In summary, the complete genome sequence of H. alvei A23BA is 4,772,047 bp in size with the overall GC content of 48.77% and sequencing coverage of 256.0 x. It comprises of one circular chromosome (4,687,005 bp; GC content 48.8%) and one circular plasmid (85,042 bp; GC content 47.2%). Genomic features include 4,217 CDSs, 25 rRNA, 92 tRNA, 8 ncRNA, 30 pseudogenes and 2 CRISPRs. Thiopeptide, beta-lactone (both showing little or no homology to known smBGCs) and siderophore smBGCs were identified (data file 7) [29]. Thiopeptides and beta-lactones are known for their antibiotic and/or anticancer activities [30, 31], while siderophores are used clinically as “Trojan horse” to deliver antibiotics to antibiotic resistant bacteria [32]. Gene clusters commonly associated with bioremediation, biocontrol, environmental adaptation, and plant growth promotion were also identified (data file 8) [33]. Please see Table 1 for links to data files 1–8.

Table 1 Overview of data files/data sets

Given the quality control measures applied and results of analyses undertaken, we believe Hafnia alvei strain A23BA chromosome, complete genome [34] represents a high-quality dataset that would expedite the exploration of the biosynthetic and metabolic potentials of H. alvei A23BA and would also enrich the comparative genomics study of H. alvei strains.

Limitations

This dataset was generated from a hybrid assembly to ensure accuracy and completeness.

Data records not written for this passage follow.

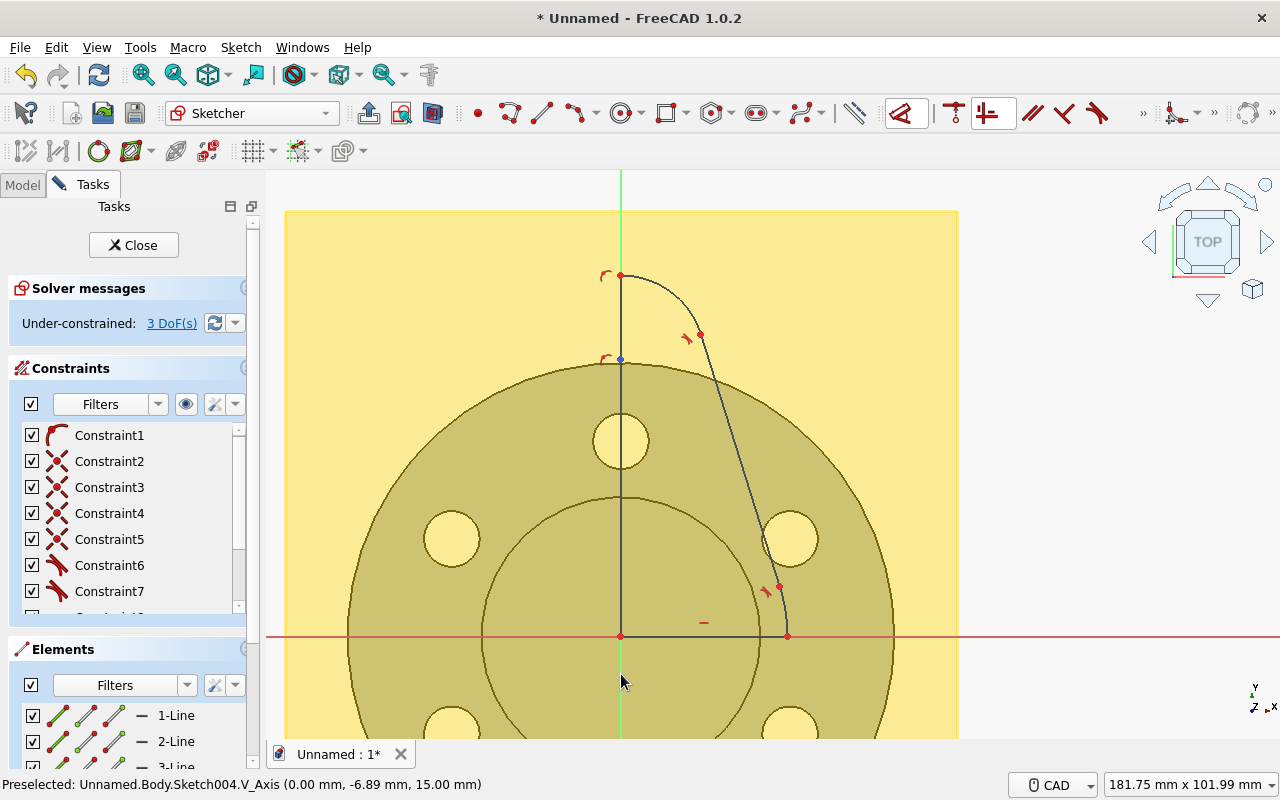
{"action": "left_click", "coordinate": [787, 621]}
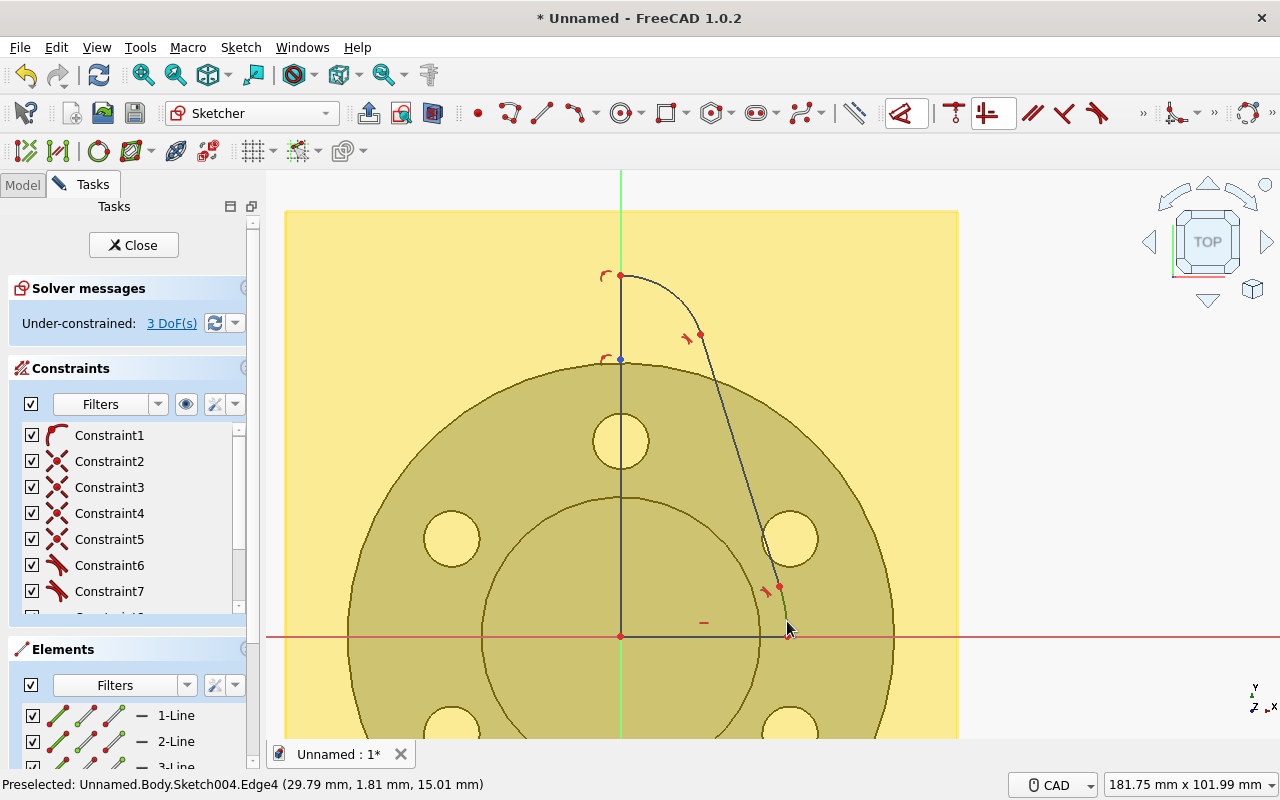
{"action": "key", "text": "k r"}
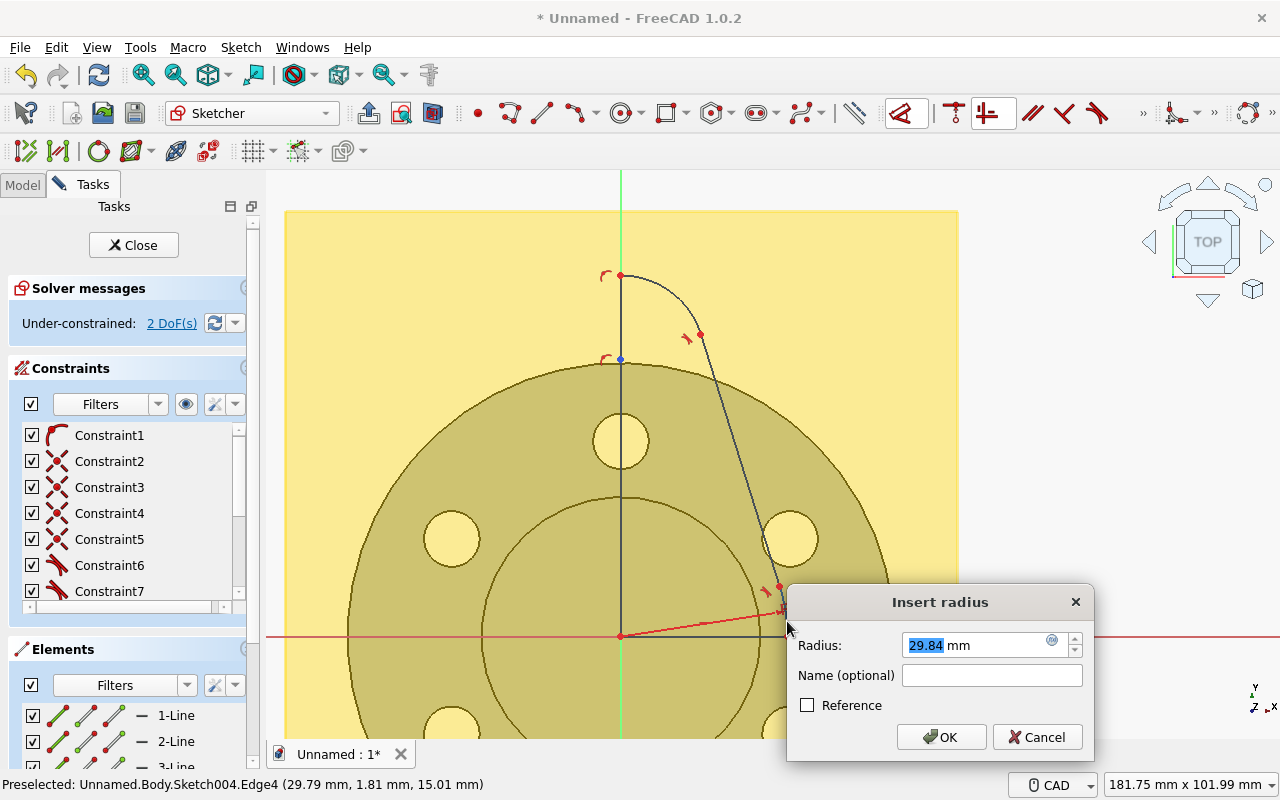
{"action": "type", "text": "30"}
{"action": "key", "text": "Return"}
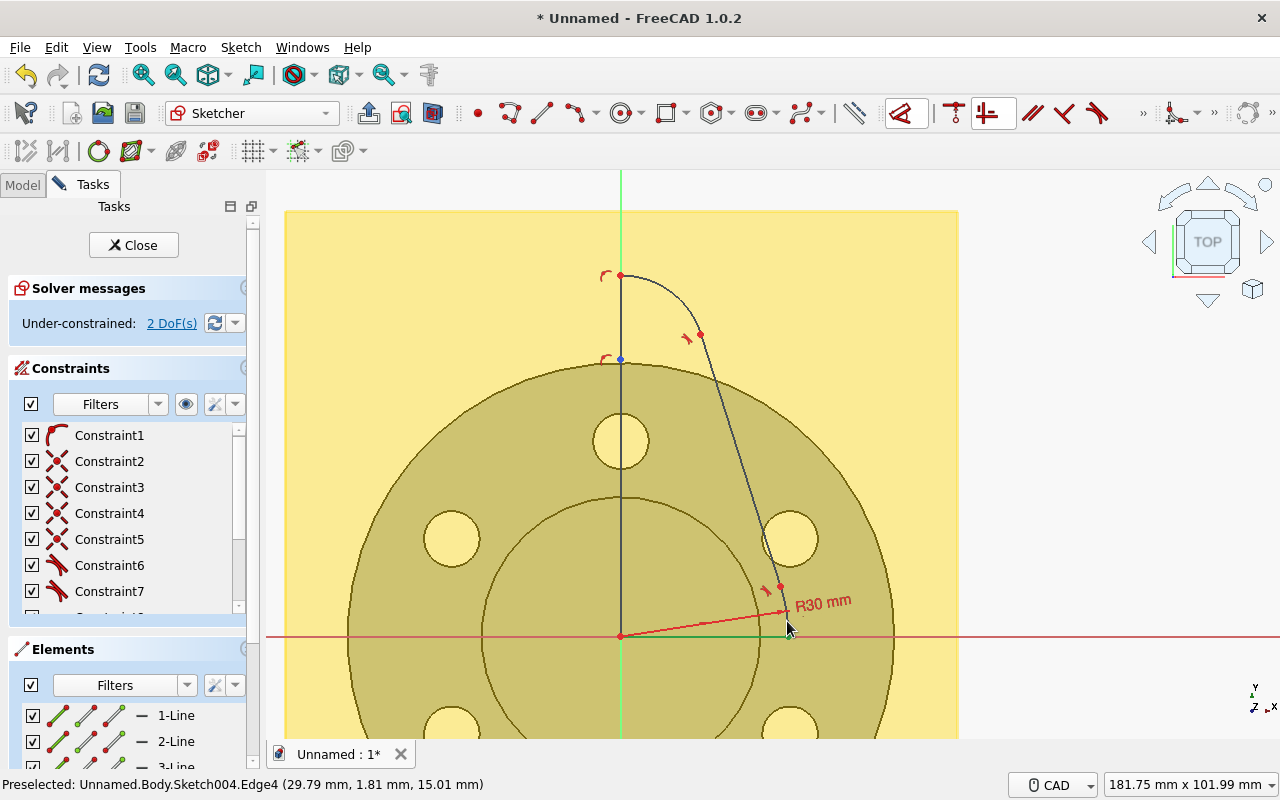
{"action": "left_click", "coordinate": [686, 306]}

Furthermore, the hybrid assembler (Unicycler) autocorrects read errors and polishes final assemblies several times to ensure accuracy. Annotations and metabolic pathway analyses were carried out with robust and validated bioinformatics tools, and smBGCs were identified with the most comprehensive genome mining tool to date. Therefore, the authors are currently unaware of any limitations of the data.